5.      Deductions. The Company will maintain payroll deduction accounts for all participating employees. With respect to any Offering made under this Plan, an employee may authorize a payroll deduction in any percentage amount (in whole percentages) up to a maximum of 10% of the Compensation he or she receives during the Plan Period or such shorter period during which deductions from payroll are made. The Board or the Committee may, at its discretion, designate a lower maximum contribution rate. The minimum payroll deduction is such percentage of Compensation as may be established from time to time by the Board or the Committee.

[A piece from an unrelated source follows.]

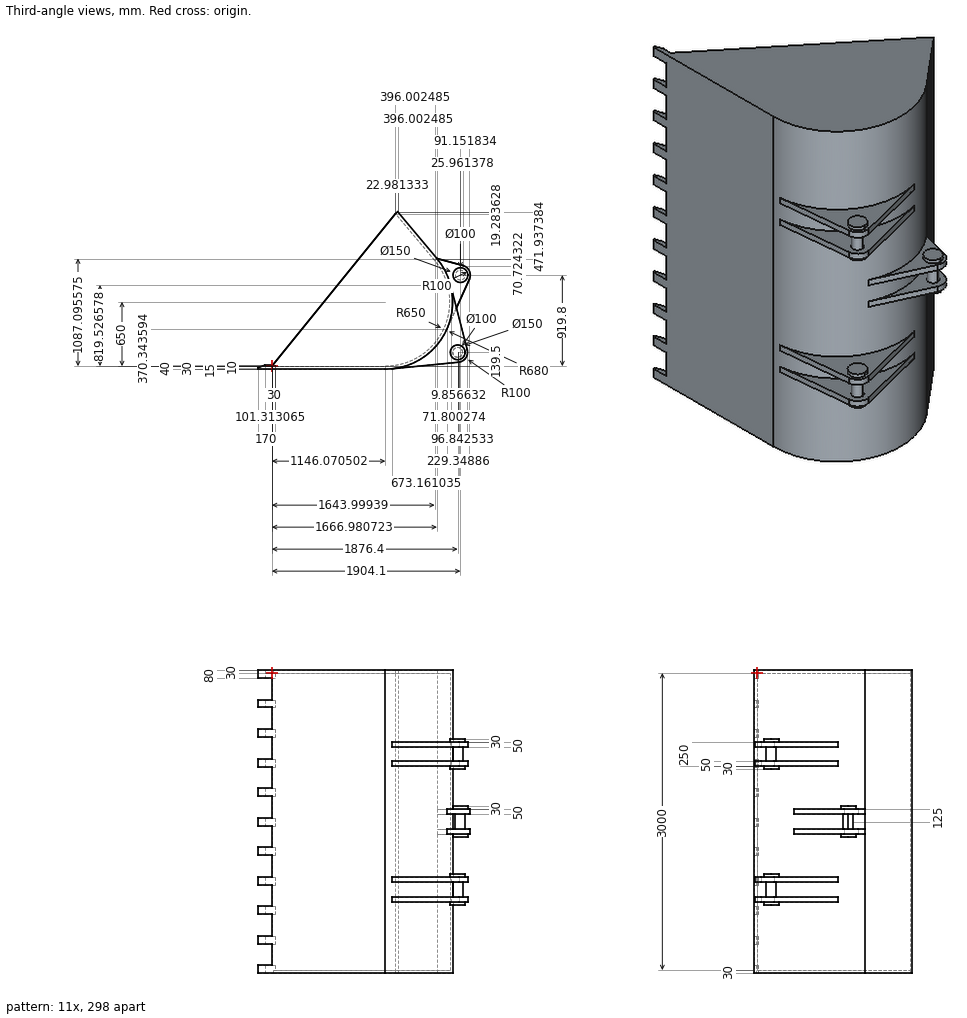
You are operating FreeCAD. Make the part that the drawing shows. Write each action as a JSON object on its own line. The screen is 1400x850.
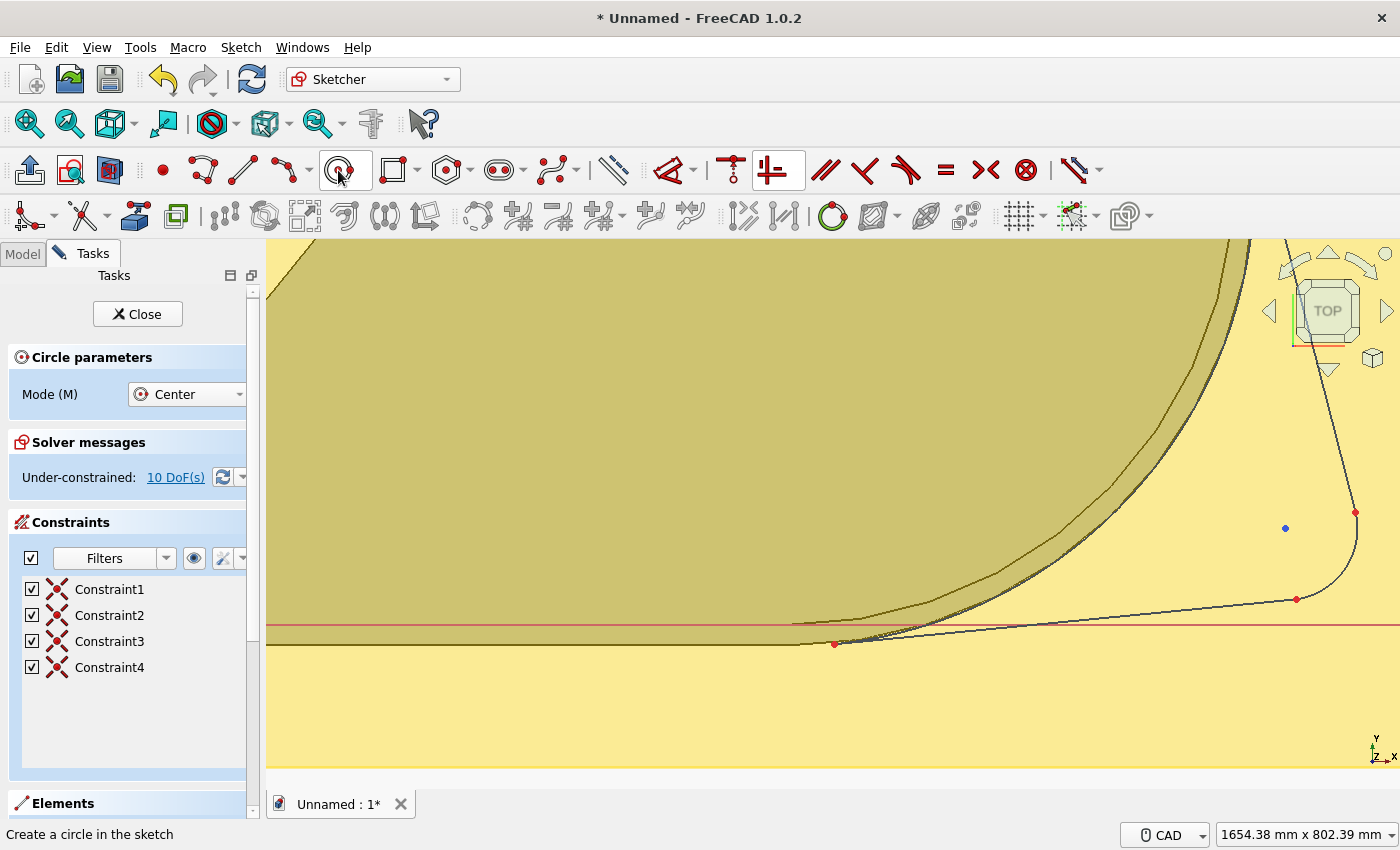
{"action": "scroll", "coordinate": [834, 645], "scroll_direction": "down", "scroll_amount": 4}

6.      Deduction Changes. An employee may decrease or discontinue his or her payroll deduction once during any Plan Period, by filing either a written or electronic new payroll deduction authorization form. However, an employee may not increase his or her payroll deduction during a Plan Period. If an employee elects to discontinue his or her payroll deductions during a Plan Period, but does not elect to withdraw his or her funds pursuant to Section 8 hereof, funds deducted prior to his or her election to discontinue will be applied to the purchase of Common Stock on the Exercise Date (as defined below).

7.      Interest. Interest will not be paid on any employee accounts, except to the extent that the Board or the Committee, in its sole discretion, elects to credit employee accounts with interest at such rate as it may from time to time determine.

8.      Withdrawal of Funds. An employee may at any time prior to the close of business on the fifteenth business day prior to the end of a Plan Period and for any reason permanently draw out the balance accumulated in the employee’s account and thereby withdraw from participation in an Offering. Partial withdrawals are not permitted. The employee may not begin participation again during the remainder of the Plan Period during which the employee withdrew his or her balance. The employee may participate in any subsequent Offering in accordance with terms and conditions established by the Board or the Committee.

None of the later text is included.